KeyGenes is an algorithm to predict the identity and determines identity scores of queried samples (test set) based on a provided group of samples (training set). It uses transcriptional profiles of the test set and matches them to the transcriptional profiles of the training set. KeyGenes uses 10-fold cross validation on the basis of LASSO (Least Absolute Shrinkage and Selection Operator) regression available in the glmnet
R-package (Friedman et al., 2010).
Included in the KeyGenes package is a collection of RNA-seq count data usable for training. These data have been collected in a SummarizedExperiment object.
library(KeyGenes)
data("training.data")
training.data
## class: SummarizedExperiment
## dim: 63670 176
## metadata(0):
## assays(1): counts
## rownames(63670): ENSG00000000003 ENSG00000000005 ... LRG_98 LRG_99
## rowData names(0):
## colnames(176): hESC stem cells.DH3 hESC stem cells.DH6 ...
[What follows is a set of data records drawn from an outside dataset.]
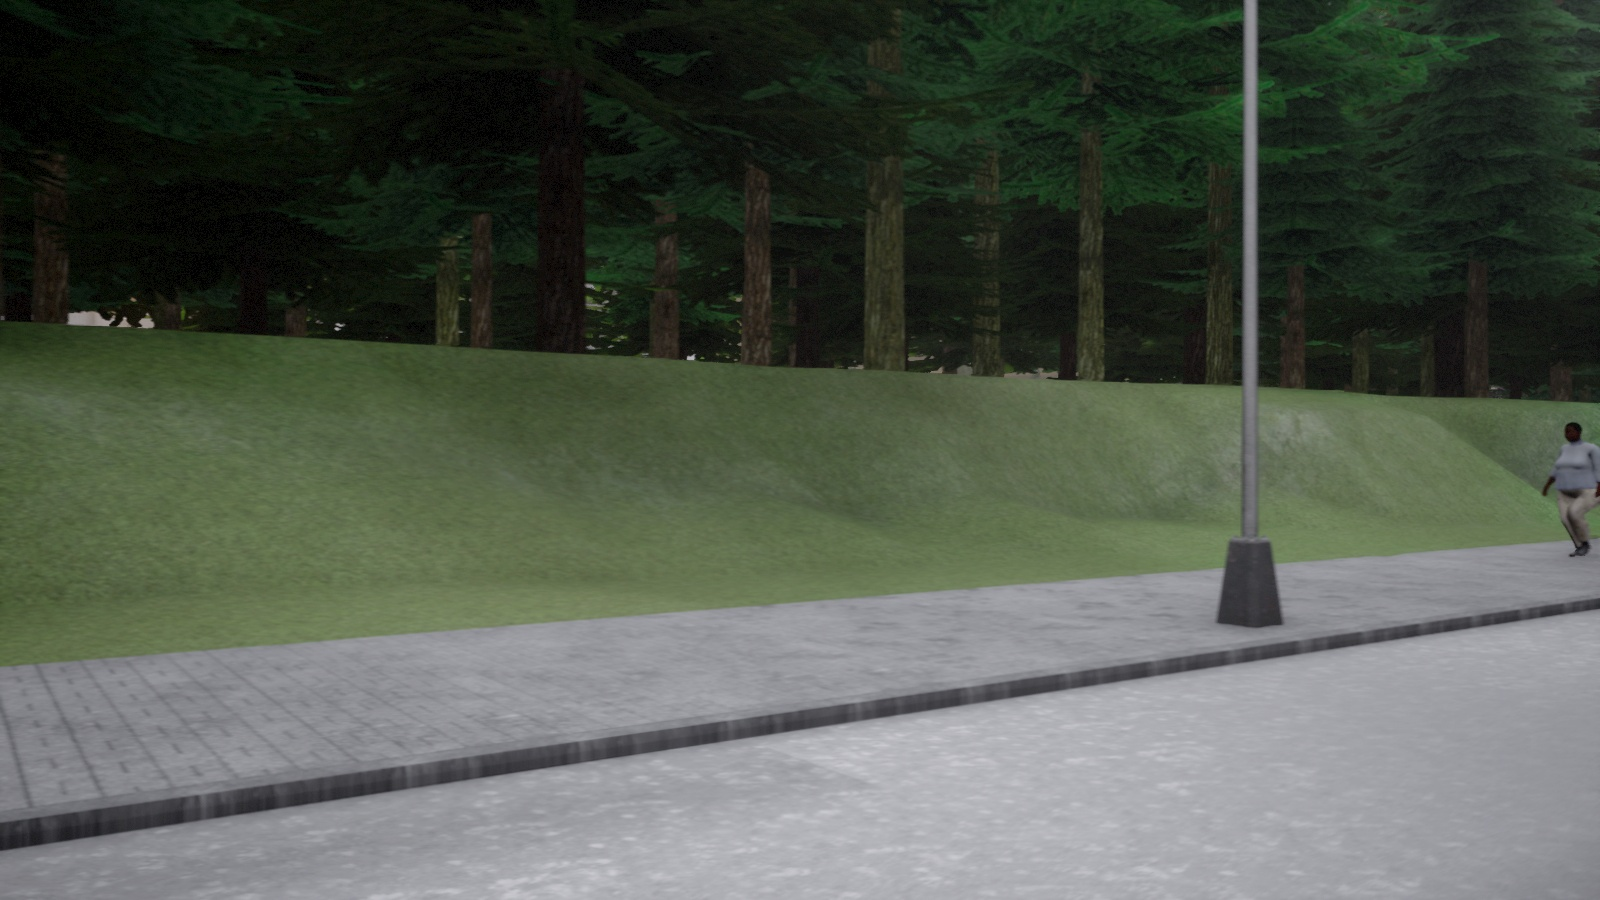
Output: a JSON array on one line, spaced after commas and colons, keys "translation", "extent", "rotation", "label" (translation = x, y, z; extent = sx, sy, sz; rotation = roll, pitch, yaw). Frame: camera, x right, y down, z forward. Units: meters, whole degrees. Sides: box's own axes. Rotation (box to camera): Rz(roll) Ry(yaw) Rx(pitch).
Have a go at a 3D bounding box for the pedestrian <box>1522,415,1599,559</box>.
[{"translation": [10.312, 0.474, 16.677], "extent": [0.900, 1.855, 0.874], "rotation": [0, 0, -18], "label": "pedestrian"}]
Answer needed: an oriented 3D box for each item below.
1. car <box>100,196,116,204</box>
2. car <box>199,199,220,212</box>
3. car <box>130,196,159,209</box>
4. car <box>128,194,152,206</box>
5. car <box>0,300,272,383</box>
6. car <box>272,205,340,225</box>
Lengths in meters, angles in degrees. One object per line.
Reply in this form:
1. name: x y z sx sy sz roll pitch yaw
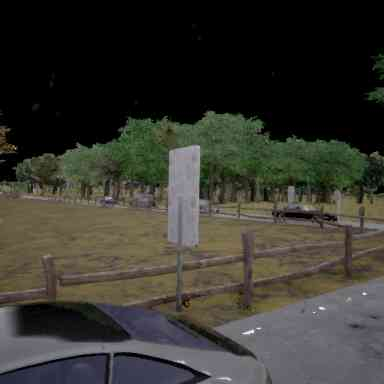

## muscle_adult gonad_adult.10
## colData names(2): age organ
This dataset contains hESC samples (Forster et al., 2014; Roost et al., 2015), 1st and 2nd trimester fetal samples (Roost et al., 2015) and adult samples (Cnop et al., 2014; Fagerberg et al., 2014; Illumina Body Map 2.0). Each sample is annotated in the colData
with their age
and organ
of origin.
table(training.data$age)
##
## 1st trimester 2nd trimester Adult hESC stem cells
## 36 75 61 4
table(training.data$organ)
##
## adrenal amnion brain chorion
## 6 7 9 3
## eye gonad heart heart A
## 6 15 5 4
## heart V hESC stem cells intestine kidney
## 5 4 18 11
## liver lung mother muscle
## 10 12 3 7
## pancreas placenta skin spinal cord
## 9 7 8 2
## spleen stomach tongue umbilical cord
## 8 9 6 2
One can use these annotations to select the samples approriate for their use case.
my.training.set <- training.data[, training.data$age == "2nd trimester"]
table(my.training.set$age)
##
## 2nd trimester
## 75
Counts may not be available for all genes for all samples. The complete.cases
function can be used to remove genes with missing values.
library(SummarizedExperiment)
my.training.set <- my.training.set[complete.cases(assay(my.training.set)),]
my.training.set
## class: SummarizedExperiment
## dim: 28978 75
## metadata(0):
## assays(1): counts
## rownames(28978): ENSG00000000003 ENSG00000000005 ...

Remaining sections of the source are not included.